■ TASK ■
Give back the records below verbatim, please, but without a single image.

[Records contained in a dataset]
==============================

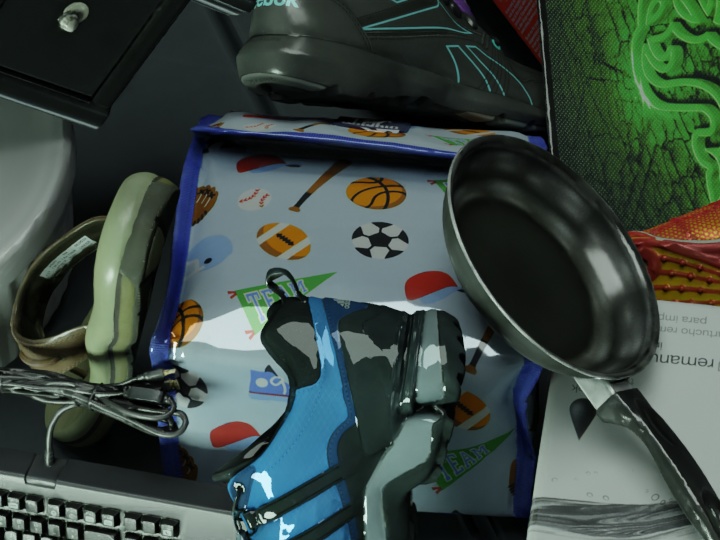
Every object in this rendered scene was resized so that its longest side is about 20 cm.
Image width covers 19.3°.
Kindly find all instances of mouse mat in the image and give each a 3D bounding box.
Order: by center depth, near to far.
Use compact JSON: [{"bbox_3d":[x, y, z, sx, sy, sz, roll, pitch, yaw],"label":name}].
[{"bbox_3d":[0.163,-0.101,1.022,0.160,0.008,0.201,1,72,-13],"label":"mouse mat"}]

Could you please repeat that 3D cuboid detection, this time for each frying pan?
[{"bbox_3d":[0.099,0.026,0.855,0.190,0.031,0.115,50,35,-1],"label":"frying pan"}]

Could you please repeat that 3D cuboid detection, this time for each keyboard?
[{"bbox_3d":[-0.132,0.093,0.888,0.199,0.127,0.021,8,21,12],"label":"keyboard"}]

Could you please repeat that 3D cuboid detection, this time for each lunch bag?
[{"bbox_3d":[0.000,0.000,0.952,0.169,0.124,0.200,4,41,3],"label":"lunch bag"}]

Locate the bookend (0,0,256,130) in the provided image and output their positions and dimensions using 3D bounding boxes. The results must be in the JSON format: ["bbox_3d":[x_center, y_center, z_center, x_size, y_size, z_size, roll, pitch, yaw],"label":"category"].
[{"bbox_3d":[-0.190,-0.102,0.935,0.200,0.198,0.092,-49,48,22],"label":"bookend"}]

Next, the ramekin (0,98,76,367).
[{"bbox_3d":[-0.228,-0.023,1.011,0.202,0.094,0.203,-3,50,3],"label":"ramekin"}]

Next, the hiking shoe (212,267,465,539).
[{"bbox_3d":[-0.019,0.104,0.842,0.086,0.074,0.201,15,95,3],"label":"hiking shoe"}]

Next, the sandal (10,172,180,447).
[{"bbox_3d":[-0.118,0.011,0.904,0.057,0.201,0.080,14,61,-6],"label":"sandal"}]

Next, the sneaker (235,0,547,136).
[{"bbox_3d":[0.031,-0.108,1.005,0.075,0.200,0.080,-1,82,45],"label":"sneaker"}]

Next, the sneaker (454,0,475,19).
[{"bbox_3d":[0.011,-0.172,1.118,0.080,0.089,0.200,-12,51,-7],"label":"sneaker"}]

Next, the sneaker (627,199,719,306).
[{"bbox_3d":[0.179,-0.004,0.955,0.200,0.077,0.073,-24,87,21],"label":"sneaker"}]

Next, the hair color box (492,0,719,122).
[{"bbox_3d":[0.116,-0.171,1.072,0.111,0.064,0.200,-33,83,-21],"label":"hair color box"}]

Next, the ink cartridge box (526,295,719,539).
[{"bbox_3d":[0.140,0.116,0.863,0.144,0.084,0.200,5,51,9],"label":"ink cartridge box"}]

==============================

■ WRITTEN RESPONSE ■
Every object in this rendered scene was resized so that its longest side is about 20 cm.
Image width covers 19.3°.
Kindly find all instances of mouse mat in the image and give each a 3D bounding box.
Order: by center depth, near to far.
Use compact JSON: [{"bbox_3d":[x, y, z, sx, sy, sz, roll, pitch, yaw],"label":name}].
[{"bbox_3d":[0.163,-0.101,1.022,0.160,0.008,0.201,1,72,-13],"label":"mouse mat"}]

Could you please repeat that 3D cuboid detection, this time for each frying pan?
[{"bbox_3d":[0.099,0.026,0.855,0.190,0.031,0.115,50,35,-1],"label":"frying pan"}]

Could you please repeat that 3D cuboid detection, this time for each keyboard?
[{"bbox_3d":[-0.132,0.093,0.888,0.199,0.127,0.021,8,21,12],"label":"keyboard"}]

Could you please repeat that 3D cuboid detection, this time for each lunch bag?
[{"bbox_3d":[0.000,0.000,0.952,0.169,0.124,0.200,4,41,3],"label":"lunch bag"}]

Locate the bookend (0,0,256,130) in the provided image and output their positions and dimensions using 3D bounding boxes. The results must be in the JSON format: ["bbox_3d":[x_center, y_center, z_center, x_size, y_size, z_size, roll, pitch, yaw],"label":"category"].
[{"bbox_3d":[-0.190,-0.102,0.935,0.200,0.198,0.092,-49,48,22],"label":"bookend"}]

Next, the ramekin (0,98,76,367).
[{"bbox_3d":[-0.228,-0.023,1.011,0.202,0.094,0.203,-3,50,3],"label":"ramekin"}]

Next, the hiking shoe (212,267,465,539).
[{"bbox_3d":[-0.019,0.104,0.842,0.086,0.074,0.201,15,95,3],"label":"hiking shoe"}]

Next, the sandal (10,172,180,447).
[{"bbox_3d":[-0.118,0.011,0.904,0.057,0.201,0.080,14,61,-6],"label":"sandal"}]

Next, the sneaker (235,0,547,136).
[{"bbox_3d":[0.031,-0.108,1.005,0.075,0.200,0.080,-1,82,45],"label":"sneaker"}]

Next, the sneaker (454,0,475,19).
[{"bbox_3d":[0.011,-0.172,1.118,0.080,0.089,0.200,-12,51,-7],"label":"sneaker"}]

Next, the sneaker (627,199,719,306).
[{"bbox_3d":[0.179,-0.004,0.955,0.200,0.077,0.073,-24,87,21],"label":"sneaker"}]

Next, the hair color box (492,0,719,122).
[{"bbox_3d":[0.116,-0.171,1.072,0.111,0.064,0.200,-33,83,-21],"label":"hair color box"}]

Next, the ink cartridge box (526,295,719,539).
[{"bbox_3d":[0.140,0.116,0.863,0.144,0.084,0.200,5,51,9],"label":"ink cartridge box"}]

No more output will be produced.